De plus, une fois maigre et, surtout, mieux dans sa peau, même trop ample, cela nous ouvre une foule de possibilités. Quand on s’est vu sur la pente descendante pendant des années, que l’on n’a pas cru en ses capacités ni que l’on vivrait bien longtemps, il est un peu déstabilisant de se réveiller un jour avec la goût de plein de choses. Par exemple je n’ai jamais eu le goût d’être père un jour, parce que tout simplement je ne me voyais pas vieillir ni être assez bien avec moi-même pour l’être. Alors voilà que maintenant j’envisage la possibilité d’être père un jour comme quelque chose de tout à fait concret et c’est ainsi dans bien d’autres domaines. L’avenir s’ouvre à moi, j’ai parfois véritablement l’impression d’être un survivant.

Il faut aussi avoir pleinement conscience que maigrir ne solutionne pas tout, que ce n’est qu’une petite partie du travail. Maigrir mets fin aux excuses. Parce qu’il reste que réussir à perdre des dizaines de kilos est un accomplissement remarquable. Quand on a fait cela et que l’on en intègre toute la mesure, on se rend compte que peu de défis sont trop grands pour nous et on est équipés d’une confiance en nos capacités qui est particulièrement précieuse. Une fois que l’on a fait cela, pourquoi s’arrêter en chemin? Pourquoi ne pas aller plus loin.

Bilan

Au départ j’ai écrit que je ne regrettais absolument rien du temps où j’étais obèse, malgré les souffrances, malgré les cicatrices, malgré tout. Parce que je suis convaincu que cette expérience dans la dimension extra-extra-large m’a permis de devenir quelqu’un de meilleur.

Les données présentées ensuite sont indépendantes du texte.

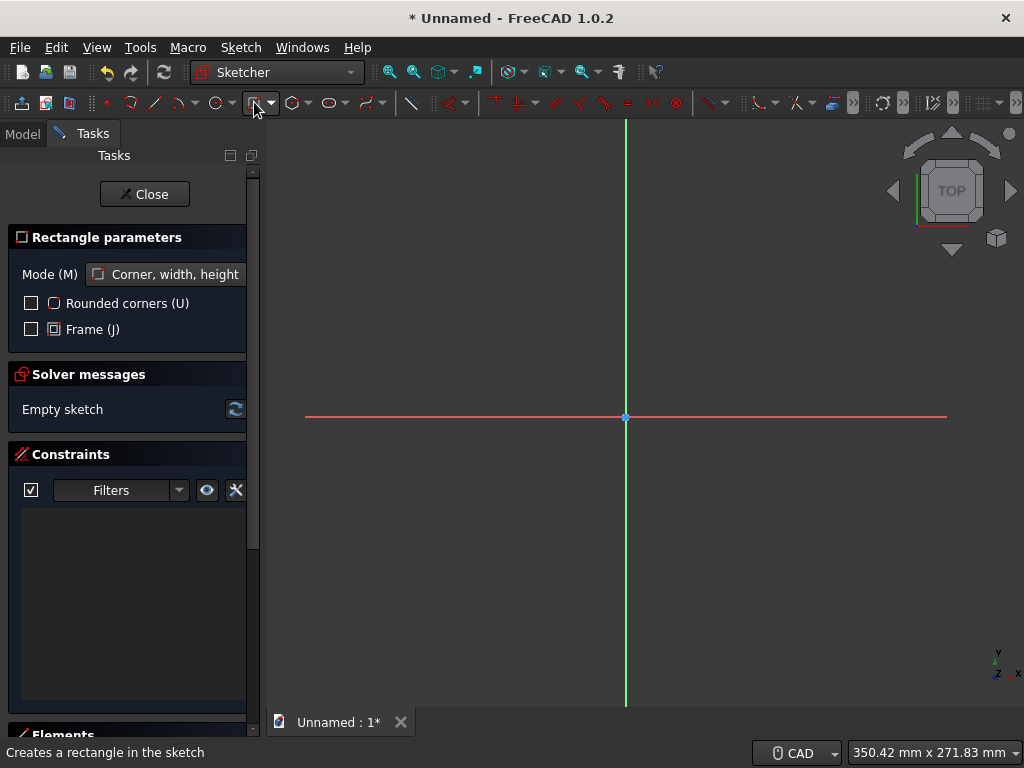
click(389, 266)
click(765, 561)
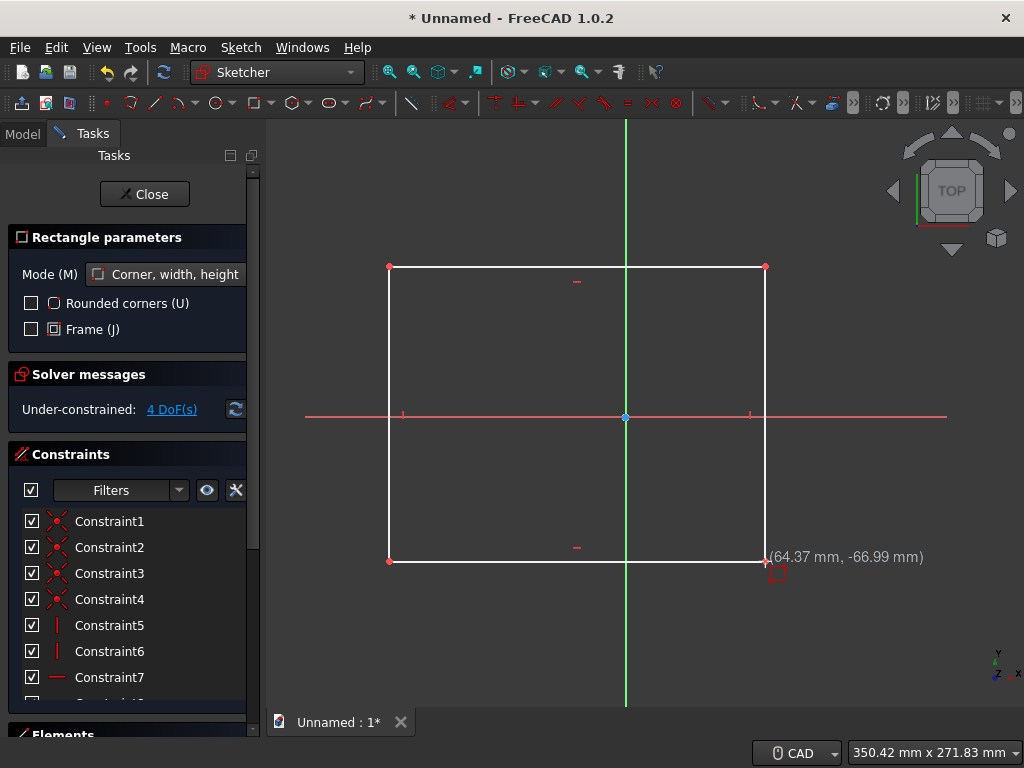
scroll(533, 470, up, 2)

Je n’ai pas rejeté celui que j’étais, je n’ai pas honte de celui que j’étais, que je suis. Mes bibittes et mon obésité ont fait de moi quelqu’un qui a développé, en compensation, des aspects de ma personnalité que j’apprécie aujourd’hui.

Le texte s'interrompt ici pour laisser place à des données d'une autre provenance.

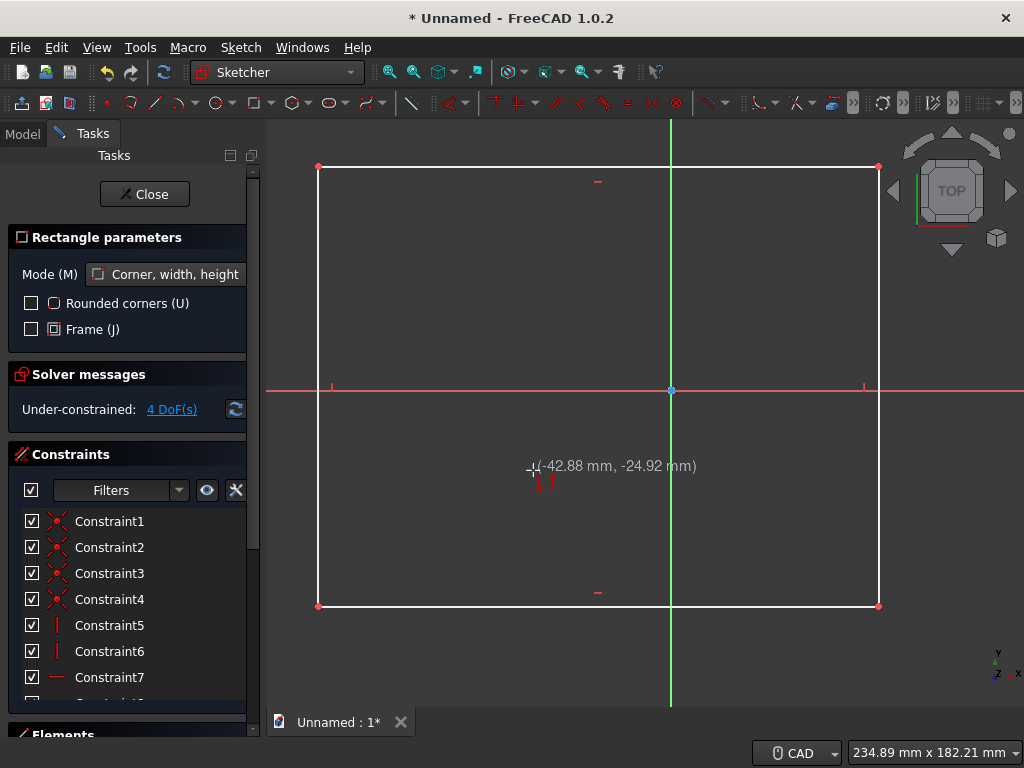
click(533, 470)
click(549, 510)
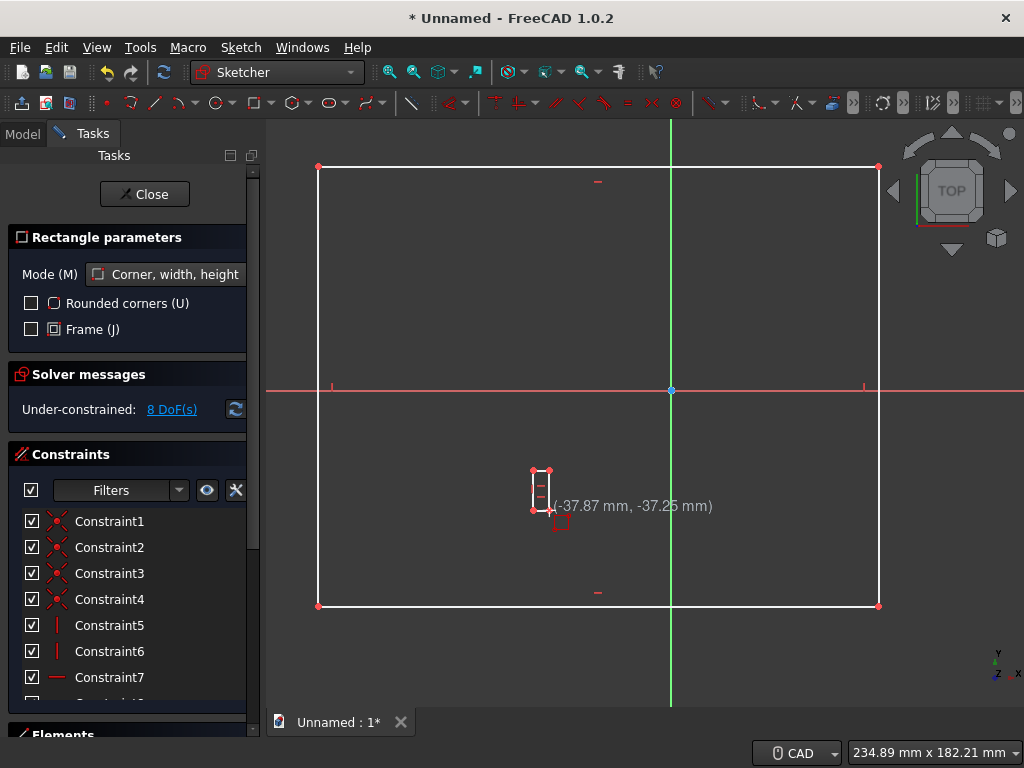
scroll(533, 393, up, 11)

Par exemple, me sentant incapable physiquement, j’ai développé mon esprit, mon savoir, ma culture. À l’époque j’ai surcompensé simplement comme un mécanisme de défense. Aujourd’hui je suis fier de mon savoir, de ma capacité de comprendre les choses. Y aurais-je mis la même énergie si j’avais été maigre? Sans doute que non. De même je suis devenu, par la suite, très sportif, une chose que je n’aurais jamais fait avec la même détermination si je ne m’étais pas senti si limité pendant si longtemps. Maintenant j’ai un peu le meilleur des deux mondes, je suis à la fois dans une grande forme physique et intellectuelle et c’est grâce, quelque part à mon obésité. Je suis aujourd’hui plus en forme et en santé que les gens de mon âge qui m’entourent, alors que mes amis sont de plus en plus bedonnants et sédentaire, moi je suis parti dans le sens contraire.

Et c’est vrai pour plusieurs aspects de ma personnalité. On ne recommence pas sa vie, on la poursuit avec l’équipement que l’on a. J’avais le choix de regretté mes années, de m’en vouloir de n’avoir pas maigrit plus tôt ou bien d’en tirer les fruits, d’en retenir des enseignements précieux. Mon obésité, mes angoisses, furent pour moi un outil de développement personnel extraordinaire. Pour gauchement paraphraser Saint-Éxupéry : Je viens de l’obésité comme on vient d’un pays, c’est ma terre natale.